Task
Pull out all lines from the listing below in which the word "surface" appears.

Given records
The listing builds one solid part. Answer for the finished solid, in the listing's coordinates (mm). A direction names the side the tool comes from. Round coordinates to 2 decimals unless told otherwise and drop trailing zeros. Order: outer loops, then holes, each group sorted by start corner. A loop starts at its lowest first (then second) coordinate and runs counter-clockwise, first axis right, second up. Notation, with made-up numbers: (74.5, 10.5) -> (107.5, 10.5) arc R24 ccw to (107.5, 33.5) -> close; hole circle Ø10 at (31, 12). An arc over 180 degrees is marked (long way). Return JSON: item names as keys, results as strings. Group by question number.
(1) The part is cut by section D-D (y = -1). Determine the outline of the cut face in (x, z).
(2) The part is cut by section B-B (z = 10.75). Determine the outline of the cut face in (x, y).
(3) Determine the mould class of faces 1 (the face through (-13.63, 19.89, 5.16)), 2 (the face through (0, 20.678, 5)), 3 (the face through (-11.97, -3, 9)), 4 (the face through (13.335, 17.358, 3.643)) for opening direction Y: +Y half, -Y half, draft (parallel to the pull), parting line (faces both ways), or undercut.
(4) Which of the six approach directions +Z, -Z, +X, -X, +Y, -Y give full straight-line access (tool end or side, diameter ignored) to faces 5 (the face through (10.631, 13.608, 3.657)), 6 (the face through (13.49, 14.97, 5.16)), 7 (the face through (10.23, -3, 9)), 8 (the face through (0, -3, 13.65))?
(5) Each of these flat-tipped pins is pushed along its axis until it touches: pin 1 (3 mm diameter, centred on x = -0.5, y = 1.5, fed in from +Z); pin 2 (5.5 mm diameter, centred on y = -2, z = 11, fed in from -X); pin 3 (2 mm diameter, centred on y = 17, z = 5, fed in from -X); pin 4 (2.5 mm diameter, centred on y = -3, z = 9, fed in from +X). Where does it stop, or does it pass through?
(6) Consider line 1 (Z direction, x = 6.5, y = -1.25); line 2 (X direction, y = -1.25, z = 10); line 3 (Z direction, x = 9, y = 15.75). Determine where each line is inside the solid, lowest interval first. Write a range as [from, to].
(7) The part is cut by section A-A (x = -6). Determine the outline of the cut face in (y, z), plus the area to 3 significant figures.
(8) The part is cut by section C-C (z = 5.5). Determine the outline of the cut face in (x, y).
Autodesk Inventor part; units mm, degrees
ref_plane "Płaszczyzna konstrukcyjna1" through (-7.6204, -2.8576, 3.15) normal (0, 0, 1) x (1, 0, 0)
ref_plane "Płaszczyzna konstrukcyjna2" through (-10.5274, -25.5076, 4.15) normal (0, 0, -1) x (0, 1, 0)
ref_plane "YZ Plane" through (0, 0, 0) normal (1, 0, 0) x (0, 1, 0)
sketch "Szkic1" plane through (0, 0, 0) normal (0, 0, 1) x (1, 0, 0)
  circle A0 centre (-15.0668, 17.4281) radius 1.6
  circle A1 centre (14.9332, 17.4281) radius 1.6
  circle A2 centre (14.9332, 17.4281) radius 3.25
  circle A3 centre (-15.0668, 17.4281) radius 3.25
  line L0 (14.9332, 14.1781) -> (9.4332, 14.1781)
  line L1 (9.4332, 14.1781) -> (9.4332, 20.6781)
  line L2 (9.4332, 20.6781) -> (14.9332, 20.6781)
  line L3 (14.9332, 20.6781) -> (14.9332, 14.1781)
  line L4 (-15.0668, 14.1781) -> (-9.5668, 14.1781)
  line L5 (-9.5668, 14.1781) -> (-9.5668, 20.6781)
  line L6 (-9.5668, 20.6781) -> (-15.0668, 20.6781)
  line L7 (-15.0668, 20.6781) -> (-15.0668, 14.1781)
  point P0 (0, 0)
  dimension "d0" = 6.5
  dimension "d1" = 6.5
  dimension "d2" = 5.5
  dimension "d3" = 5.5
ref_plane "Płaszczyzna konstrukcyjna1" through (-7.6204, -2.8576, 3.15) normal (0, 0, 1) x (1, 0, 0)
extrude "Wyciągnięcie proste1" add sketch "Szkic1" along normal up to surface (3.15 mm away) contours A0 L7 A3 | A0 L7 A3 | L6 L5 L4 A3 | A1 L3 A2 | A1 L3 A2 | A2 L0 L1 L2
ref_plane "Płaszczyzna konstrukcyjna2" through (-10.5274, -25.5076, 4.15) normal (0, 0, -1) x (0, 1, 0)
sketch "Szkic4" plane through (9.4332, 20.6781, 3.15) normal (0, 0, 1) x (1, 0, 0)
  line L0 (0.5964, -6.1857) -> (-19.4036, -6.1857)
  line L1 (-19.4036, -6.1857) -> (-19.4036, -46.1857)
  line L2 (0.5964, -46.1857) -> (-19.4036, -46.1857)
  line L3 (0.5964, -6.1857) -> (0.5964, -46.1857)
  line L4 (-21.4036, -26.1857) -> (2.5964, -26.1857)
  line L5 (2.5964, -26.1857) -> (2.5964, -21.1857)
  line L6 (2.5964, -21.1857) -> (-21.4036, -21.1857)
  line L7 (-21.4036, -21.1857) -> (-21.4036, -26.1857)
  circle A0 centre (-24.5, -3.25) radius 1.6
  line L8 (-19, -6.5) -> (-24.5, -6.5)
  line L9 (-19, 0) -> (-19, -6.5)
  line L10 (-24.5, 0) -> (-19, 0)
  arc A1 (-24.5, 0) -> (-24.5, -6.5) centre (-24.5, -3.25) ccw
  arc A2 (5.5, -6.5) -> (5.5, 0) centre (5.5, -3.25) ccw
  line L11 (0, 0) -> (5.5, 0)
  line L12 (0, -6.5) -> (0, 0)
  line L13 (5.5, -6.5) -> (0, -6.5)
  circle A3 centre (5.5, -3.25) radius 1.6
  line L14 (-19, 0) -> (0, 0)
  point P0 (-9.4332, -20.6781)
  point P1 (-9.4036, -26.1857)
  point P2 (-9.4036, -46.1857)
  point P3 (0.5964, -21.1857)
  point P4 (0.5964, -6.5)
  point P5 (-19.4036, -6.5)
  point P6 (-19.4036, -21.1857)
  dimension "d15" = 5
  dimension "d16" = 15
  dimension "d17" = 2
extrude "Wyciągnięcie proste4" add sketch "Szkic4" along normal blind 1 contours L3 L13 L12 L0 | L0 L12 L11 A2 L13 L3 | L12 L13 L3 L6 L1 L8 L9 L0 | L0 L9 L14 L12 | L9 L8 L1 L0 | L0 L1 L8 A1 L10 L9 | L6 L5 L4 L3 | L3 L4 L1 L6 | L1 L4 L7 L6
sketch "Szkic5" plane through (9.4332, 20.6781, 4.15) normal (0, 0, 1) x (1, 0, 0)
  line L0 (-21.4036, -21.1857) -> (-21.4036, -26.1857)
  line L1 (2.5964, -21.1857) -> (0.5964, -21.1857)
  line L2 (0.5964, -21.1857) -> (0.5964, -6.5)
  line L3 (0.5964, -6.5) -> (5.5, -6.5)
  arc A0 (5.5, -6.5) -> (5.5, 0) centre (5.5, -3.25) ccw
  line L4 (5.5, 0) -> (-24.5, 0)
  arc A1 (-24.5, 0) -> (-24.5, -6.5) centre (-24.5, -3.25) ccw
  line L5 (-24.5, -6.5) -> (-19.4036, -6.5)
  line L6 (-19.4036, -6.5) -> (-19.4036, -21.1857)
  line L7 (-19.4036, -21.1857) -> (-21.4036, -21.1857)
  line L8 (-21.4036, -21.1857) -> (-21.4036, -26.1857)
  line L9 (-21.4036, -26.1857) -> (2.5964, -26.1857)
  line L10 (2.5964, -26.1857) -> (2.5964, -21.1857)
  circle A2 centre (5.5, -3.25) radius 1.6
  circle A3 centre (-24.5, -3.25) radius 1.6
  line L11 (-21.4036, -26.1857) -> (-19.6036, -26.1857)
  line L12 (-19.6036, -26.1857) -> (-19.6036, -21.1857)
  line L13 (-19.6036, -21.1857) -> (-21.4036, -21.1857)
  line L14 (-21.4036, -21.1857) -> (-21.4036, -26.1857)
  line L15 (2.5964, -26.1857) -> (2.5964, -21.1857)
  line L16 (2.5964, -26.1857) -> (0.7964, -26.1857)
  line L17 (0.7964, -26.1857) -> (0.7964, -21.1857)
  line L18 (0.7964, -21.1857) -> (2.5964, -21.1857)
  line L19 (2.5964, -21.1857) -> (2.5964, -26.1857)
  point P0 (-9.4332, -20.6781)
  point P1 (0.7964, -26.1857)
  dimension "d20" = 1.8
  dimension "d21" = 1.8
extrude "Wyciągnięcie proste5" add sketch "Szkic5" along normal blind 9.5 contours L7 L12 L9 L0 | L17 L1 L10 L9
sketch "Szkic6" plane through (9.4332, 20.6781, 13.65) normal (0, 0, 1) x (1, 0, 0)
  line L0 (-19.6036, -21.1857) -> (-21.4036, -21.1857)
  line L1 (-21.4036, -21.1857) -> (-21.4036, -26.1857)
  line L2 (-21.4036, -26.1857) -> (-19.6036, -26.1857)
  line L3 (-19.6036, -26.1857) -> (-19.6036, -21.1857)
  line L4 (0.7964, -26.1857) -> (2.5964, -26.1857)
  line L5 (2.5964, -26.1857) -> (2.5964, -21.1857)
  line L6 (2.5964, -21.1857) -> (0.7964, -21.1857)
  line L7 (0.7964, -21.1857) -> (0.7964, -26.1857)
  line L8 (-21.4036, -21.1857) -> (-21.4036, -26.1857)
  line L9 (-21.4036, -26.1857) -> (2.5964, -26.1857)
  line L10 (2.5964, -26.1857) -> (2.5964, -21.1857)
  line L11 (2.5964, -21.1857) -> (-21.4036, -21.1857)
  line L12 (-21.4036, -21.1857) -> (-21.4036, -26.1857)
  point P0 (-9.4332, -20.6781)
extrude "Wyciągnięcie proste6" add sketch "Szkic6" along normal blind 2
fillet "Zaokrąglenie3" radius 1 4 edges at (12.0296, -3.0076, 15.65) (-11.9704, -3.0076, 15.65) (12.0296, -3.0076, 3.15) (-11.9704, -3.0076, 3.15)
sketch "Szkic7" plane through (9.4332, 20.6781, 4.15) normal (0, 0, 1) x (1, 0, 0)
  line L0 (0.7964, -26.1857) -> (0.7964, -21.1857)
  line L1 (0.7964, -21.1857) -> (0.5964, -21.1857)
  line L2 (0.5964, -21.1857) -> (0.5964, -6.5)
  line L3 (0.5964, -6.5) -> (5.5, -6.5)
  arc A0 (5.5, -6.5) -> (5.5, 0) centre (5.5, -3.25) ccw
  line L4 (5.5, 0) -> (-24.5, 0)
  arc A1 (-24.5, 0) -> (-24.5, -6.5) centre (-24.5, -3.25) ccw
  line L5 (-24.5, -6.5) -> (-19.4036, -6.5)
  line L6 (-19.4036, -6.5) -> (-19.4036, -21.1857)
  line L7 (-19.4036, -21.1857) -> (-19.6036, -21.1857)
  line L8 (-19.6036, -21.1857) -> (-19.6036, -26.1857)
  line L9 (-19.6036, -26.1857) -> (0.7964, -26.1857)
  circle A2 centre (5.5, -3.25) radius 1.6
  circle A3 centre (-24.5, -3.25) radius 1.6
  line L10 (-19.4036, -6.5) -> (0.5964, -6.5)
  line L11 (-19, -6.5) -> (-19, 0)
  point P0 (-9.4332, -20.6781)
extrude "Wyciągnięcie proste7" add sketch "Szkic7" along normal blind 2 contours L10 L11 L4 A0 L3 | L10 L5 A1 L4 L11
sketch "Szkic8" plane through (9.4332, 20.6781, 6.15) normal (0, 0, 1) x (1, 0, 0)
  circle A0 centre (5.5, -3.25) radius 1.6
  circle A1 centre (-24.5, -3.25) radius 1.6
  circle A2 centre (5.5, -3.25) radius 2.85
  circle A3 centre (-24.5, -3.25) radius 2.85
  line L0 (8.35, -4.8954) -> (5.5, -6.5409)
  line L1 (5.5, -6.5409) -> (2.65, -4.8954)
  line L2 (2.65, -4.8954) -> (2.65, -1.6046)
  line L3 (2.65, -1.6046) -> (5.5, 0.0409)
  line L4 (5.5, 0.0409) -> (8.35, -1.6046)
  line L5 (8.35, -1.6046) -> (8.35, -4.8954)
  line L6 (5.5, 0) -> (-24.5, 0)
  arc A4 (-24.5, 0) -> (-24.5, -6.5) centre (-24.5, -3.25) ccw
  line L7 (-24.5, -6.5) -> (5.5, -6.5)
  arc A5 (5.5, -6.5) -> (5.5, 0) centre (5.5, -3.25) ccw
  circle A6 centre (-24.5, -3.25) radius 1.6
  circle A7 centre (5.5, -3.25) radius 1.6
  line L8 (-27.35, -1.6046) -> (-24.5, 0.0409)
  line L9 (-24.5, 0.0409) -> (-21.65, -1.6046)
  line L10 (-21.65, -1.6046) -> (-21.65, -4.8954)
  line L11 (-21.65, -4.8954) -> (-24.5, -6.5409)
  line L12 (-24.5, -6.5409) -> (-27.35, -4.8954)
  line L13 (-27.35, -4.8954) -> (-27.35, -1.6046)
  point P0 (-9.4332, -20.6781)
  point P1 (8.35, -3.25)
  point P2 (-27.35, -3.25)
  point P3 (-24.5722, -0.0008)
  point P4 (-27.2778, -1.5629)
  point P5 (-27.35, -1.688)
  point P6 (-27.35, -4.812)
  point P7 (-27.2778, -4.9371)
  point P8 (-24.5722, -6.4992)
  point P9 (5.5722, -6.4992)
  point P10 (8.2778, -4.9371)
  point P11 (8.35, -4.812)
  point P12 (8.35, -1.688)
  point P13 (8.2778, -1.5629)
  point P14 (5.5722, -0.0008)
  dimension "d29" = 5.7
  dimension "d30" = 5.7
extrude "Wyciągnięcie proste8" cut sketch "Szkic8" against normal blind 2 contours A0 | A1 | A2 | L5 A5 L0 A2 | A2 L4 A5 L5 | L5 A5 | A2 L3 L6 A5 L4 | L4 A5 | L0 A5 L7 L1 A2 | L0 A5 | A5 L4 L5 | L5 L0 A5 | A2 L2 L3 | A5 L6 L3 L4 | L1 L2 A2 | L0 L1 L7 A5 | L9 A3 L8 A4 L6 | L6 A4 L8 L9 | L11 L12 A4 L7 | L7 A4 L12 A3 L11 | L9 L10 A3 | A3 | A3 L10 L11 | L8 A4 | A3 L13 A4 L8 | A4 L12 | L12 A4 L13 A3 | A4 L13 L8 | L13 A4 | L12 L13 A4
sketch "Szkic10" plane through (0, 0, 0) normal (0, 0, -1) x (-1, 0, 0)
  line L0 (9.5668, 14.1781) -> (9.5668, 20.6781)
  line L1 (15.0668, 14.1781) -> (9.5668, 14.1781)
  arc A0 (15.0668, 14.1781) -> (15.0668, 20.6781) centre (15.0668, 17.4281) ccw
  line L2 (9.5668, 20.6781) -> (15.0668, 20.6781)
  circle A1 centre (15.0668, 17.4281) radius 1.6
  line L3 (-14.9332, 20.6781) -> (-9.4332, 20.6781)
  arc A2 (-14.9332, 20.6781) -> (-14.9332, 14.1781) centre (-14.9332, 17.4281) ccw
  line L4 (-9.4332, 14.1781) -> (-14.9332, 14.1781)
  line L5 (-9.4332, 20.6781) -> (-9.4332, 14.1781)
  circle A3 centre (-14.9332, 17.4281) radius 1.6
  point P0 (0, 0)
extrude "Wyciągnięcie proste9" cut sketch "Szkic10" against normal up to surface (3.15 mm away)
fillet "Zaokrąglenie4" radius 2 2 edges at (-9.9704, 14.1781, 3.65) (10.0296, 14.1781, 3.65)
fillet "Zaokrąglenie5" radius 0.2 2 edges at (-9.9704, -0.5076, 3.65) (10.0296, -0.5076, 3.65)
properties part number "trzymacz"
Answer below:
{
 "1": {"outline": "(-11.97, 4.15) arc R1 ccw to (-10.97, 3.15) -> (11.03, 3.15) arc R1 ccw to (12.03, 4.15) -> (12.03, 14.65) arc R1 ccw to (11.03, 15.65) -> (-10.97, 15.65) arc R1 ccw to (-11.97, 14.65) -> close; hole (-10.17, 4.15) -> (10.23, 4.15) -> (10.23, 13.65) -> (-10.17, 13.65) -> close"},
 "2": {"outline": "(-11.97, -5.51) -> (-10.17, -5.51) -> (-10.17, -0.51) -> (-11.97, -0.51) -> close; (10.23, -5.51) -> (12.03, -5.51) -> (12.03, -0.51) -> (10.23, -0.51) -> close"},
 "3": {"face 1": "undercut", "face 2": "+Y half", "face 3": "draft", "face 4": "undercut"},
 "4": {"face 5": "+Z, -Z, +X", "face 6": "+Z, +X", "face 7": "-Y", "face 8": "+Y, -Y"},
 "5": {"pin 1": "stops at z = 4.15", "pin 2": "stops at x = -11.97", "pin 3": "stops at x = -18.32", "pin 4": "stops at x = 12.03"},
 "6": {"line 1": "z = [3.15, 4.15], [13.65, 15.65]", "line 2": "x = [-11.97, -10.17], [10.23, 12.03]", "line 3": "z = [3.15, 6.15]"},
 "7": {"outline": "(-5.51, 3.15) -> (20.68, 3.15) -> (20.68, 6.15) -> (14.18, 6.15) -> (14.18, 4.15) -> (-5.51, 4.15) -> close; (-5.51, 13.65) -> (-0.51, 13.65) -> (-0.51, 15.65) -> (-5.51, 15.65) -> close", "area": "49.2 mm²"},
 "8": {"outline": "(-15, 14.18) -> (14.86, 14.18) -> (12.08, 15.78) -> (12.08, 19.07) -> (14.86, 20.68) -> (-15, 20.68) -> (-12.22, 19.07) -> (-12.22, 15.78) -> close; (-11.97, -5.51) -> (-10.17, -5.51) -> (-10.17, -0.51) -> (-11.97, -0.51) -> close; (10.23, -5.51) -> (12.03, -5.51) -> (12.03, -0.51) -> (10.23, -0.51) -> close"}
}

Written answer
extrude "Wyciągnięcie proste1" add sketch "Szkic1" along normal up to surface (3.15 mm away) contours A0 L7 A3 | A0 L7 A3 | L6 L5 L4 A3 | A1 L3 A2 | A1 L3 A2 | A2 L0 L1 L2
extrude "Wyciągnięcie proste9" cut sketch "Szkic10" against normal up to surface (3.15 mm away)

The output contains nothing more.